Many students gave platitudes about how hard it is to defend against injection attacks.
c) Is the above script vulnerable to a search-path misdirection attack? (1 point)
Quite possibly, because it uses the cat command instead of bin/cat.
Saying just "yes" was worth half credit. Some thought cat was a built-in shell command. It isn't built in in tcsh.
Consider the convention that Unix users could use, where each user has a directory ~/InBox. If Alice wants to give Bob a file, Alice puts a link to that file in ~/bob/InBox.
Assume that Carol is an adversary and must not read the file that Alice is giving Bob. Explain how to use a blind path to solve this problem. Specifically:
a) What access rights should be used for ~/bob/InBox? Assume the file has owner ID and group ID set to bob. (1 point)
The rights should be drw?-w?-w?. Note that the need of the owner to traverse the directory without reading it is unclear, and the need of others to traverse it is also unclear (although there are compelling arguments to forbit it). Others must definitely be able to write the directory in order to deposit files there, and they must not be able to read it, so they cannot see what third-parties have deposited.
Again, there were strange assumptions about groups, even though group membership was never mentioned in the problem. Many seem to have misunderstood the meaning of the x and s access rights on directories. The s (sticky) access right on a directory sets the owner or group of files created in that directory. If you link to a file from that directory, it is not created.
b) Assume Alice's file has alice as its owner ID and group ID. What access rights should she put on this file before linking to it from ~/bob/InBox? (1 point)
The rights should be ???r??r??. Alice may elect to retain rights to the file, but need not do so. Alice must let Bob access the file, so the group and other rights must allow reading. Execute rights may also be extended, if the file is executable. Write rights may be extended.
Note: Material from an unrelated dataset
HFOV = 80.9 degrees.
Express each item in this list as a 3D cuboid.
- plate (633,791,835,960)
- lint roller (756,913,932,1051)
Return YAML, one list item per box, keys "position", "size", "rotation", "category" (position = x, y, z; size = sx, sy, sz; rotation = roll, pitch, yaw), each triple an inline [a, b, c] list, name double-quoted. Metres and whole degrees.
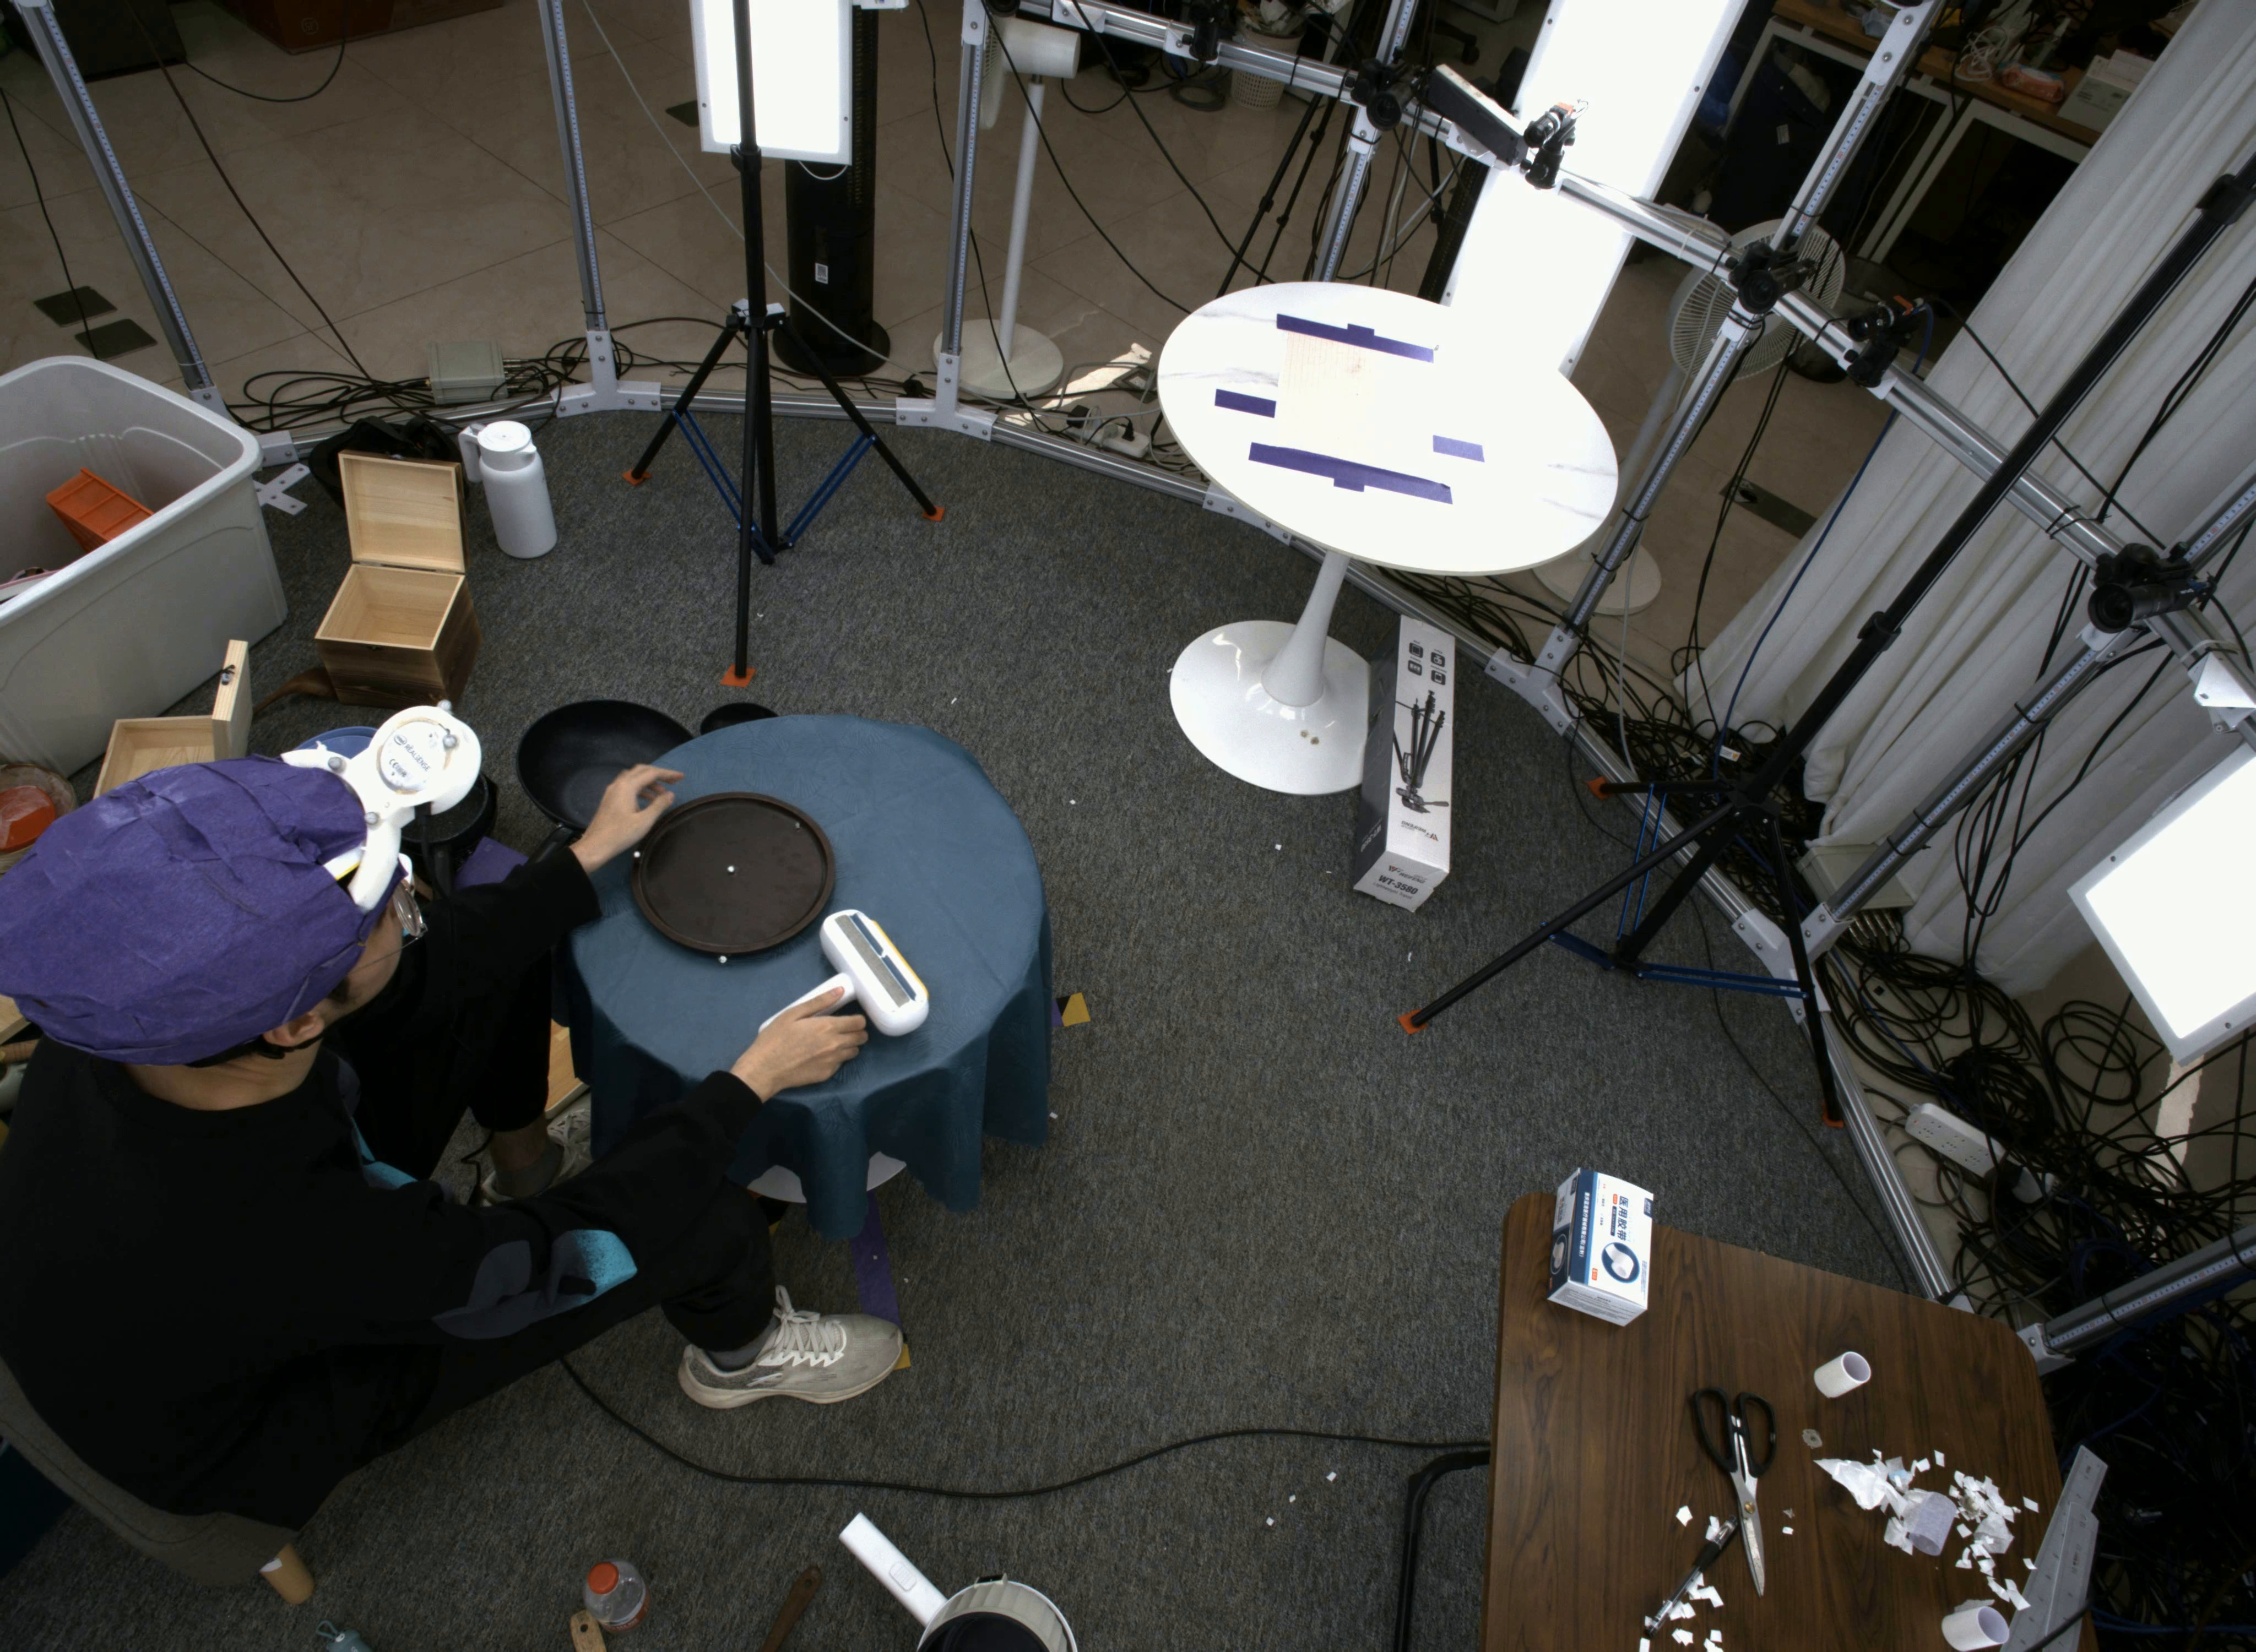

Odd answere here were common, again, with elaborate group membership schemes or misunderstandings about sticky directories dominating.
c) Does Alice need to tell Bob the file name, or can Bob find the file himself? (1 point)
Bob can read his own directory, so it is easy for Bob to find files that have been left there.
This was easy, most got it.
Consider this alternative: The new execfve() kernel call is just like execve() except that, where execve takes a file name as a parameter, execfve takes an open file, where that file must have been opened for execution. The right to execute the file is determined at the time the file is opened, but the SUID bit and file ownership apply at the time the file is actually executed.
A Last Problem: There are security problems posed by other questions on this exam that this new service would solve. Which ones. Be specific. (1 point)
Problem 3c mentioned that the helper application needed to remain anonymous when passed to the SUID application. With this new service, the original user can pass an open helper to the SUID application, so that the application only sees an open executable file descriptor.
This was deliberately hard, yet a number of students got it, or at least suggested problem 3, for partial credit. Many others had odd answers that seemed to be wild guesses.